A hunter from the states has just finished hunting and he decides to go to a local pub in a small town up north.
Being all proud, he starts commenting on his hunting.

The Hunter says: "I must of kill every species of bear up here"
Just then an Indian leans over and says: "Na ah, you haven't kill the Great White Bear of The Great North"
Hunter says: "Where do I find this Bear you speak of?"
Indian says: "Just 2 miles north of here on the tallest hill side"

So the American hunter packs his things and head towards the bear, 2 miles later he spots it. He was overwhelmed by its size and started frothing at the mouth before finally linning up the shot. He takes the shot and runs up the hill, and the bear isn't there.

Hunter: "I know i shot this thing, where the hell is it?"
Just then the bear taps him on the shoulder and says: "Heres how it works, you bend over and let me fuck you up the ass, or I'll kill you."

The hunter doesn't want to die so he bends over.

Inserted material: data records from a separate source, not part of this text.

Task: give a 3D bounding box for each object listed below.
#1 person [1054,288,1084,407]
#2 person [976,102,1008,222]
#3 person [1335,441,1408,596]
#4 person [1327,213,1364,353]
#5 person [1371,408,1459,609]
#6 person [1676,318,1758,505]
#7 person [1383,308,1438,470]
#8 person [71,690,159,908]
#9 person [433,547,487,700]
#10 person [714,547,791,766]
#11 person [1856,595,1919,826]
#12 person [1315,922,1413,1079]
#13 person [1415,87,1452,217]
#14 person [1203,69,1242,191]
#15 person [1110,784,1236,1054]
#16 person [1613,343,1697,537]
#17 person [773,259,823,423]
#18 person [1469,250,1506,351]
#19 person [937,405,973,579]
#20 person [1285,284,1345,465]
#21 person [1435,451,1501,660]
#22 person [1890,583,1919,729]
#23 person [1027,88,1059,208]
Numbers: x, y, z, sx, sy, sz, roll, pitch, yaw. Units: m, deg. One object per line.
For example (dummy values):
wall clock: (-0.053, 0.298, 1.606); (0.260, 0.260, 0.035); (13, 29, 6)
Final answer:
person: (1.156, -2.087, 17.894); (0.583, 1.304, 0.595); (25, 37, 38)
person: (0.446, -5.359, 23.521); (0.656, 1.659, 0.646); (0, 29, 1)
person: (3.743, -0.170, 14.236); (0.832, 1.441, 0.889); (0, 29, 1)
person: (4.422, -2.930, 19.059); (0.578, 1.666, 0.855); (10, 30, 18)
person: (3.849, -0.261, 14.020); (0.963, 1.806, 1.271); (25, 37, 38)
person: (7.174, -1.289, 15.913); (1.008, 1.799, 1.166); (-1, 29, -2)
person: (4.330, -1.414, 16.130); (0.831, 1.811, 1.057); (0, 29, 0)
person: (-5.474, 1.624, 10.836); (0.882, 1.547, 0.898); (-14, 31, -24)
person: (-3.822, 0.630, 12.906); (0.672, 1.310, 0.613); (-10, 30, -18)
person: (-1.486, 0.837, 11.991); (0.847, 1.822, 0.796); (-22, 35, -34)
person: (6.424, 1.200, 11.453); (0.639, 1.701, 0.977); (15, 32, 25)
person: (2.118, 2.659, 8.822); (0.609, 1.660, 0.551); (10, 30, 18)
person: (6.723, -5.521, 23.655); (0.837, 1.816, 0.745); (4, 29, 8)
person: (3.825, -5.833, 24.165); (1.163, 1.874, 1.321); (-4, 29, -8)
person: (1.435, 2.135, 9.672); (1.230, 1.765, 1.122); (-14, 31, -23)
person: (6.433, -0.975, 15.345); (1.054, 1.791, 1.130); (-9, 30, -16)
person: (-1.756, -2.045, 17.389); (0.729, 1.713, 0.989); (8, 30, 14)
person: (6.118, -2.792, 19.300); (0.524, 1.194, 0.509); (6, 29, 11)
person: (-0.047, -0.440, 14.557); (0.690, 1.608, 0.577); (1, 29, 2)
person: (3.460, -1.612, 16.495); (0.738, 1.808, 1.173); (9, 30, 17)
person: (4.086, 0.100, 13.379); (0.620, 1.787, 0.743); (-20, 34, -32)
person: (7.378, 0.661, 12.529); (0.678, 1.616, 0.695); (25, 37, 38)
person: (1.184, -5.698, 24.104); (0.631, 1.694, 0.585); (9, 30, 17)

The next day the hunter comes back with a big elephant gun, and shots the bear again. He runs to the top of the hill and the bear isn't there again.

Hunter; "I know i shot this thing, what the fuck!"
Bear taps him on the shoulder and the hunter bends over.
Then next day the hunter comes back with a rocket launcher and blows the whole hill side up.

Hunter runs back up to the hill, and to his surprise the bear isn't there again,

Hunter: "What the fawk, i know i killed this thing, this isn't possible"
The bear taps him on the shoulder and says
"Your not up here for the hunting are you?"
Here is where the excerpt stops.